I've encountered many MATLAB codes which have a %#ok<SAGROW>
comments. This comment is used in different circumstances and I can't figure it out what it means.
As an example:
i = 1;
flag = true;
for l = 1:k
while(flag==true)
if(probs(i)~=0)
leaves(l).val = i-1; %#ok<*SAGROW>
leaves(l).zero = '';
leaves(l).one = '';
leaves(l).prob = probs(i);
i = i + 1;
flag = false;
else
i = i+1;
flag = true;
end
end
flag =true;
end
There are other references to this comment too, for instace:
It suppresses mlint
warnings. In this specific case, it is about not pre-allocating an array.
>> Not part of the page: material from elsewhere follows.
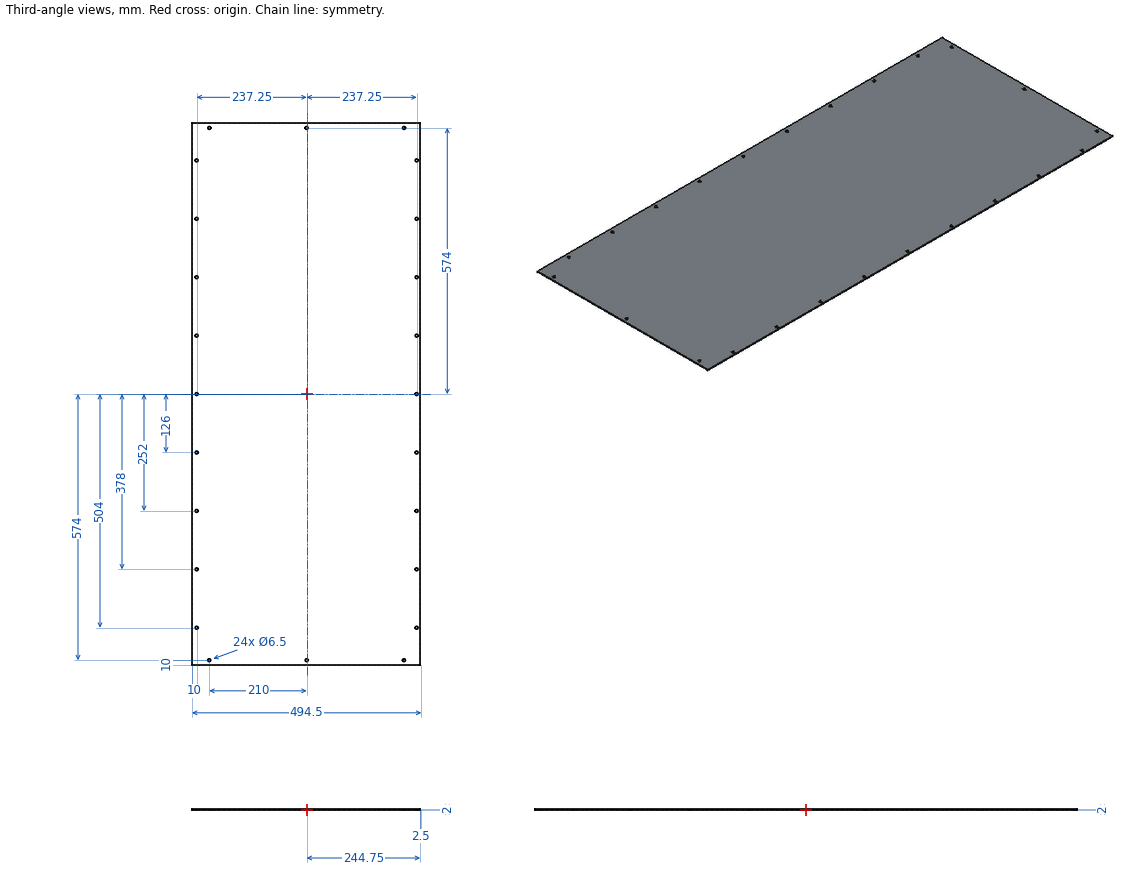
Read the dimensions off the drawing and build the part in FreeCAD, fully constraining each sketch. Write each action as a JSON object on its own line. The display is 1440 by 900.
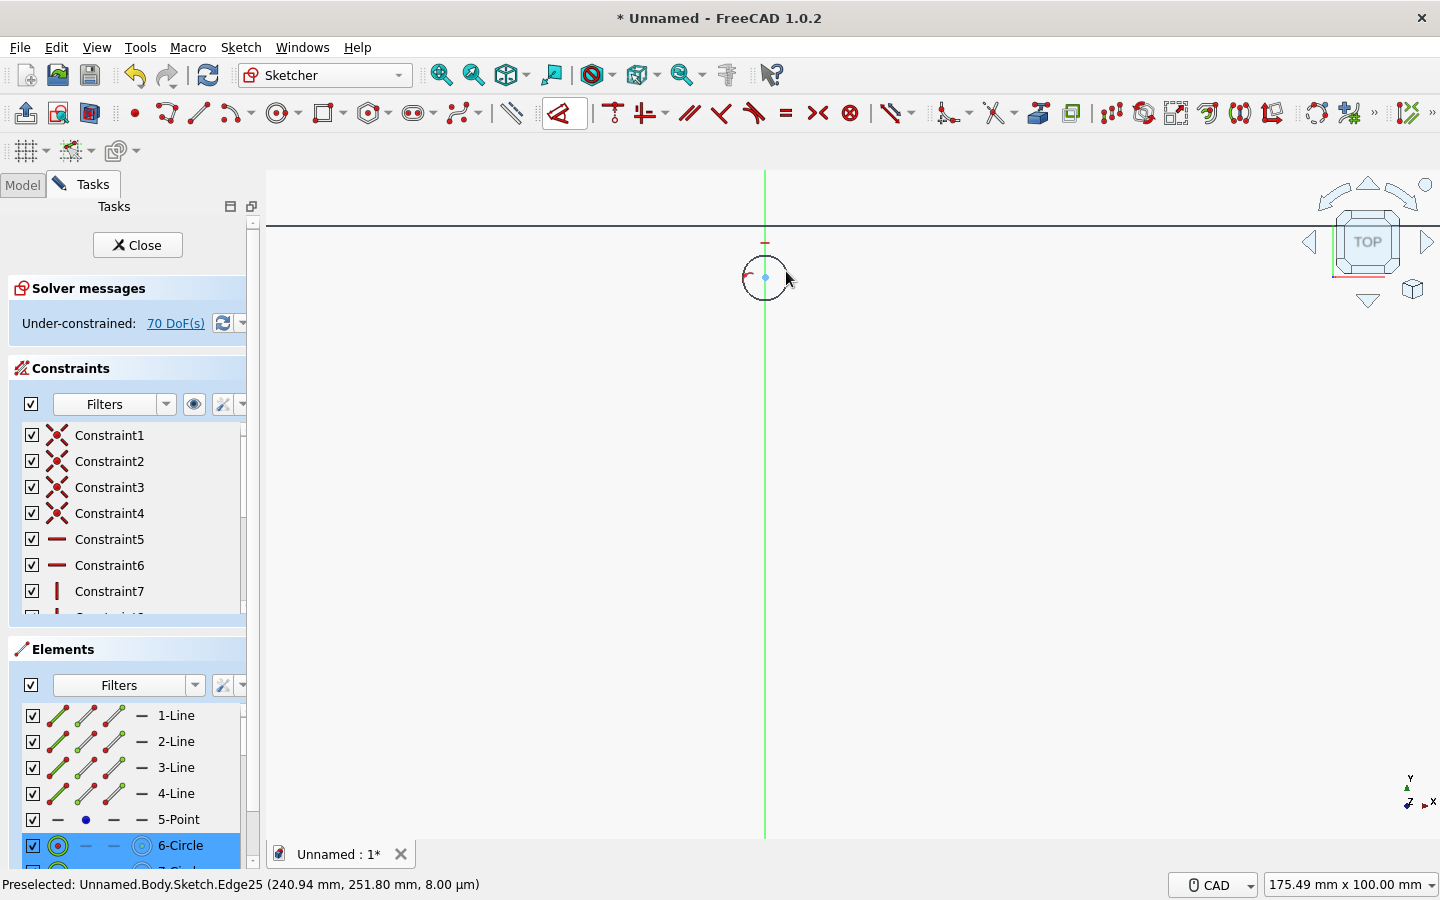
{"action": "left_click", "coordinate": [781, 262]}

mlint is one of the static code analysis tools that Matlab has. It finds possible errors and shows warnings.
Edit(1):
I've just noticed that your question is about SAGROW
, not AGROW
. I could not find it. My guess is that it is an old/new mlint syntax.
I don't know about SAGROW
, but AGROW
would mean that a given array/vector/matrix <name> might be growing inside a loop. Consider preallocating for speed
.
General answer (for different values in the angle brackets):
Type msgid:SAGROW
in Preferences -> Code Analyzer.
For others msgid:<your-ok-msg-id>
.
edit: shortest way, 1. remove the comment, 2. read the codeanalyzer tooltip of the underline piece of code.